=== Data for the task ===
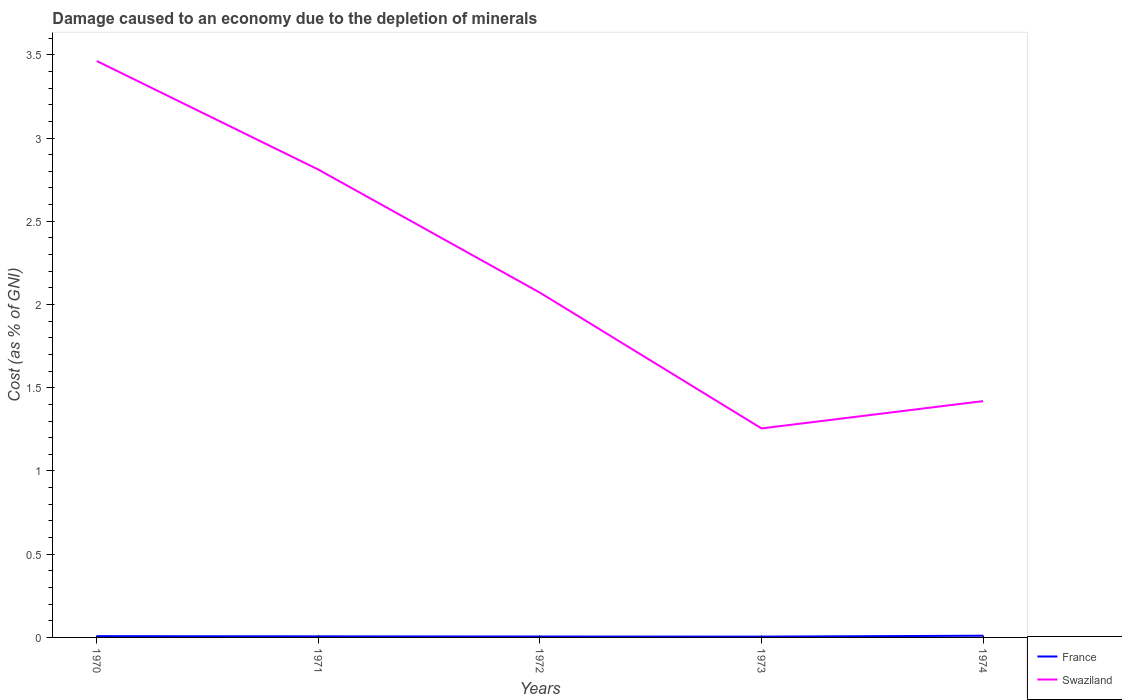How many different coloured lines are there?
Offer a very short reply. 2. Is the number of lines equal to the number of legend labels?
Offer a very short reply. Yes. Across all years, what is the maximum cost of damage caused due to the depletion of minerals in France?
Your response must be concise. 0. In which year was the cost of damage caused due to the depletion of minerals in France maximum?
Provide a succinct answer. 1973. What is the total cost of damage caused due to the depletion of minerals in France in the graph?
Your answer should be very brief. 0. What is the difference between the highest and the second highest cost of damage caused due to the depletion of minerals in France?
Your answer should be very brief. 0.01. How many years are there in the graph?
Ensure brevity in your answer.  5. Where does the legend appear in the graph?
Make the answer very short. Bottom right. What is the title of the graph?
Offer a very short reply. Damage caused to an economy due to the depletion of minerals. What is the label or title of the Y-axis?
Offer a very short reply. Cost (as % of GNI). What is the Cost (as % of GNI) of France in 1970?
Provide a short and direct response. 0.01. What is the Cost (as % of GNI) of Swaziland in 1970?
Your answer should be very brief. 3.46. What is the Cost (as % of GNI) in France in 1971?
Offer a very short reply. 0.01. What is the Cost (as % of GNI) of Swaziland in 1971?
Make the answer very short. 2.81. What is the Cost (as % of GNI) in France in 1972?
Give a very brief answer. 0.01. What is the Cost (as % of GNI) of Swaziland in 1972?
Your answer should be compact. 2.07. What is the Cost (as % of GNI) of France in 1973?
Give a very brief answer. 0. What is the Cost (as % of GNI) of Swaziland in 1973?
Offer a terse response. 1.26. What is the Cost (as % of GNI) of France in 1974?
Your response must be concise. 0.01. What is the Cost (as % of GNI) in Swaziland in 1974?
Provide a succinct answer. 1.42. Across all years, what is the maximum Cost (as % of GNI) of France?
Make the answer very short. 0.01. Across all years, what is the maximum Cost (as % of GNI) of Swaziland?
Offer a very short reply. 3.46. Across all years, what is the minimum Cost (as % of GNI) in France?
Make the answer very short. 0. Across all years, what is the minimum Cost (as % of GNI) of Swaziland?
Keep it short and to the point. 1.26. What is the total Cost (as % of GNI) in France in the graph?
Make the answer very short. 0.03. What is the total Cost (as % of GNI) in Swaziland in the graph?
Offer a very short reply. 11.02. What is the difference between the Cost (as % of GNI) in France in 1970 and that in 1971?
Your answer should be very brief. 0. What is the difference between the Cost (as % of GNI) of Swaziland in 1970 and that in 1971?
Ensure brevity in your answer.  0.65. What is the difference between the Cost (as % of GNI) of France in 1970 and that in 1972?
Ensure brevity in your answer.  0. What is the difference between the Cost (as % of GNI) of Swaziland in 1970 and that in 1972?
Your answer should be compact. 1.39. What is the difference between the Cost (as % of GNI) of France in 1970 and that in 1973?
Ensure brevity in your answer.  0. What is the difference between the Cost (as % of GNI) in Swaziland in 1970 and that in 1973?
Give a very brief answer. 2.21. What is the difference between the Cost (as % of GNI) in France in 1970 and that in 1974?
Make the answer very short. -0. What is the difference between the Cost (as % of GNI) in Swaziland in 1970 and that in 1974?
Offer a terse response. 2.04. What is the difference between the Cost (as % of GNI) of France in 1971 and that in 1972?
Provide a short and direct response. 0. What is the difference between the Cost (as % of GNI) in Swaziland in 1971 and that in 1972?
Your response must be concise. 0.74. What is the difference between the Cost (as % of GNI) in France in 1971 and that in 1973?
Provide a succinct answer. 0. What is the difference between the Cost (as % of GNI) in Swaziland in 1971 and that in 1973?
Make the answer very short. 1.55. What is the difference between the Cost (as % of GNI) in France in 1971 and that in 1974?
Give a very brief answer. -0. What is the difference between the Cost (as % of GNI) of Swaziland in 1971 and that in 1974?
Offer a terse response. 1.39. What is the difference between the Cost (as % of GNI) of France in 1972 and that in 1973?
Provide a short and direct response. 0. What is the difference between the Cost (as % of GNI) of Swaziland in 1972 and that in 1973?
Offer a terse response. 0.82. What is the difference between the Cost (as % of GNI) in France in 1972 and that in 1974?
Keep it short and to the point. -0. What is the difference between the Cost (as % of GNI) in Swaziland in 1972 and that in 1974?
Your response must be concise. 0.65. What is the difference between the Cost (as % of GNI) of France in 1973 and that in 1974?
Provide a succinct answer. -0.01. What is the difference between the Cost (as % of GNI) in Swaziland in 1973 and that in 1974?
Your answer should be compact. -0.16. What is the difference between the Cost (as % of GNI) in France in 1970 and the Cost (as % of GNI) in Swaziland in 1971?
Keep it short and to the point. -2.8. What is the difference between the Cost (as % of GNI) in France in 1970 and the Cost (as % of GNI) in Swaziland in 1972?
Offer a very short reply. -2.06. What is the difference between the Cost (as % of GNI) of France in 1970 and the Cost (as % of GNI) of Swaziland in 1973?
Ensure brevity in your answer.  -1.25. What is the difference between the Cost (as % of GNI) of France in 1970 and the Cost (as % of GNI) of Swaziland in 1974?
Your answer should be compact. -1.41. What is the difference between the Cost (as % of GNI) in France in 1971 and the Cost (as % of GNI) in Swaziland in 1972?
Your response must be concise. -2.06. What is the difference between the Cost (as % of GNI) of France in 1971 and the Cost (as % of GNI) of Swaziland in 1973?
Provide a succinct answer. -1.25. What is the difference between the Cost (as % of GNI) of France in 1971 and the Cost (as % of GNI) of Swaziland in 1974?
Make the answer very short. -1.41. What is the difference between the Cost (as % of GNI) in France in 1972 and the Cost (as % of GNI) in Swaziland in 1973?
Keep it short and to the point. -1.25. What is the difference between the Cost (as % of GNI) in France in 1972 and the Cost (as % of GNI) in Swaziland in 1974?
Your answer should be very brief. -1.41. What is the difference between the Cost (as % of GNI) of France in 1973 and the Cost (as % of GNI) of Swaziland in 1974?
Give a very brief answer. -1.41. What is the average Cost (as % of GNI) in France per year?
Ensure brevity in your answer.  0.01. What is the average Cost (as % of GNI) of Swaziland per year?
Make the answer very short. 2.2. In the year 1970, what is the difference between the Cost (as % of GNI) in France and Cost (as % of GNI) in Swaziland?
Provide a succinct answer. -3.45. In the year 1971, what is the difference between the Cost (as % of GNI) of France and Cost (as % of GNI) of Swaziland?
Your response must be concise. -2.8. In the year 1972, what is the difference between the Cost (as % of GNI) in France and Cost (as % of GNI) in Swaziland?
Provide a succinct answer. -2.07. In the year 1973, what is the difference between the Cost (as % of GNI) of France and Cost (as % of GNI) of Swaziland?
Offer a very short reply. -1.25. In the year 1974, what is the difference between the Cost (as % of GNI) of France and Cost (as % of GNI) of Swaziland?
Your response must be concise. -1.41. What is the ratio of the Cost (as % of GNI) in France in 1970 to that in 1971?
Your answer should be compact. 1.19. What is the ratio of the Cost (as % of GNI) of Swaziland in 1970 to that in 1971?
Your answer should be very brief. 1.23. What is the ratio of the Cost (as % of GNI) in France in 1970 to that in 1972?
Provide a short and direct response. 1.42. What is the ratio of the Cost (as % of GNI) of Swaziland in 1970 to that in 1972?
Offer a terse response. 1.67. What is the ratio of the Cost (as % of GNI) of France in 1970 to that in 1973?
Your response must be concise. 1.59. What is the ratio of the Cost (as % of GNI) in Swaziland in 1970 to that in 1973?
Offer a terse response. 2.76. What is the ratio of the Cost (as % of GNI) of France in 1970 to that in 1974?
Ensure brevity in your answer.  0.75. What is the ratio of the Cost (as % of GNI) of Swaziland in 1970 to that in 1974?
Offer a terse response. 2.44. What is the ratio of the Cost (as % of GNI) in France in 1971 to that in 1972?
Your response must be concise. 1.19. What is the ratio of the Cost (as % of GNI) in Swaziland in 1971 to that in 1972?
Your answer should be compact. 1.36. What is the ratio of the Cost (as % of GNI) in France in 1971 to that in 1973?
Provide a short and direct response. 1.33. What is the ratio of the Cost (as % of GNI) of Swaziland in 1971 to that in 1973?
Offer a very short reply. 2.24. What is the ratio of the Cost (as % of GNI) of France in 1971 to that in 1974?
Offer a very short reply. 0.63. What is the ratio of the Cost (as % of GNI) in Swaziland in 1971 to that in 1974?
Your answer should be compact. 1.98. What is the ratio of the Cost (as % of GNI) of France in 1972 to that in 1973?
Provide a short and direct response. 1.12. What is the ratio of the Cost (as % of GNI) of Swaziland in 1972 to that in 1973?
Keep it short and to the point. 1.65. What is the ratio of the Cost (as % of GNI) of France in 1972 to that in 1974?
Ensure brevity in your answer.  0.53. What is the ratio of the Cost (as % of GNI) in Swaziland in 1972 to that in 1974?
Ensure brevity in your answer.  1.46. What is the ratio of the Cost (as % of GNI) in France in 1973 to that in 1974?
Provide a succinct answer. 0.47. What is the ratio of the Cost (as % of GNI) in Swaziland in 1973 to that in 1974?
Provide a short and direct response. 0.88. What is the difference between the highest and the second highest Cost (as % of GNI) in France?
Provide a succinct answer. 0. What is the difference between the highest and the second highest Cost (as % of GNI) of Swaziland?
Provide a short and direct response. 0.65. What is the difference between the highest and the lowest Cost (as % of GNI) of France?
Your answer should be compact. 0.01. What is the difference between the highest and the lowest Cost (as % of GNI) of Swaziland?
Keep it short and to the point. 2.21. 
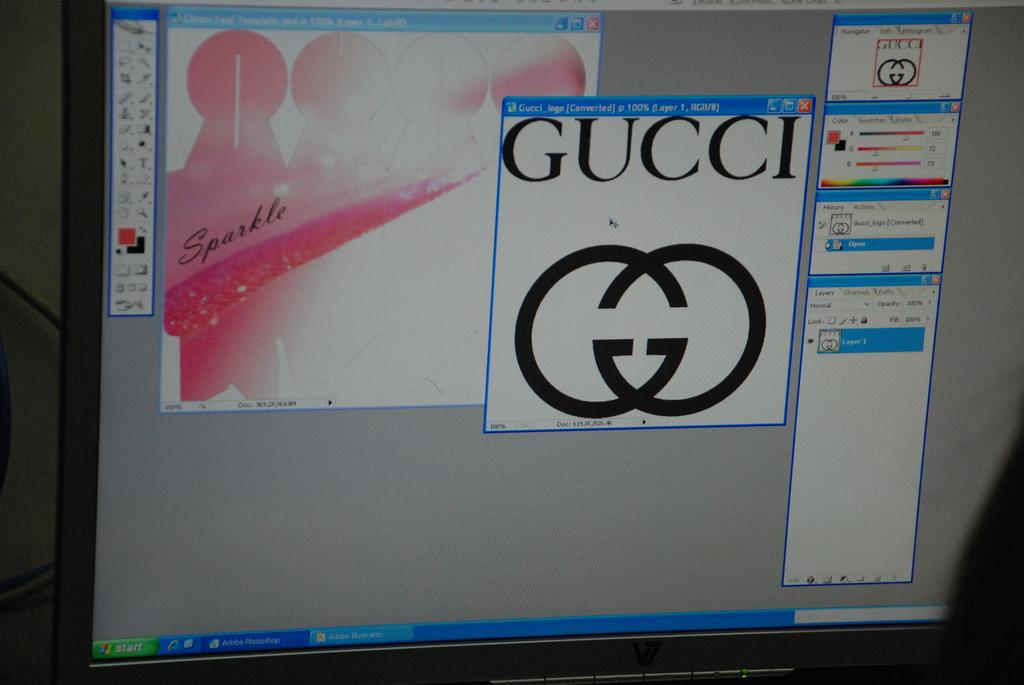<image>
Create a compact narrative representing the image presented. A computer screen shows the compnents of a Gucci advert in an image editor. 
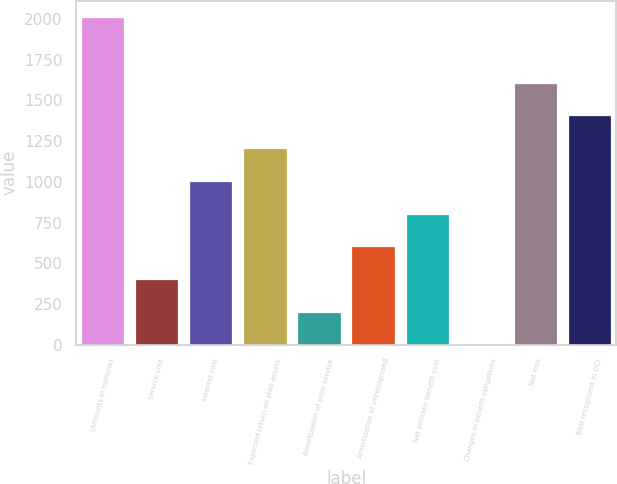Convert chart to OTSL. <chart><loc_0><loc_0><loc_500><loc_500><bar_chart><fcel>(Amounts in millions)<fcel>Service cost<fcel>Interest cost<fcel>Expected return on plan assets<fcel>Amortization of prior service<fcel>Amortization of unrecognized<fcel>Net periodic benefit cost<fcel>Changes in benefit obligations<fcel>Net loss<fcel>Total recognized in OCI<nl><fcel>2011<fcel>402.36<fcel>1005.6<fcel>1206.68<fcel>201.28<fcel>603.44<fcel>804.52<fcel>0.2<fcel>1608.84<fcel>1407.76<nl></chart> 
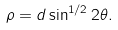Convert formula to latex. <formula><loc_0><loc_0><loc_500><loc_500>\rho = d \sin ^ { 1 / 2 } 2 \theta .</formula> 
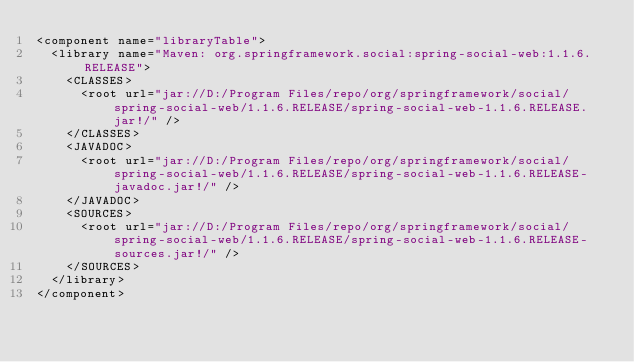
===
What to produce: Among the entries above, locate the lines containing "Swaziland in 1972 and that in 1973?" and "Offer a terse response. 0.82.", and transcribe exactly those two lines and all lines between.

Written solution:
Provide a short and direct response. 0. What is the difference between the Cost (as % of GNI) of Swaziland in 1972 and that in 1973?
Offer a terse response. 0.82. What is the difference between the Cost (as % of GNI) in France in 1972 and that in 1974?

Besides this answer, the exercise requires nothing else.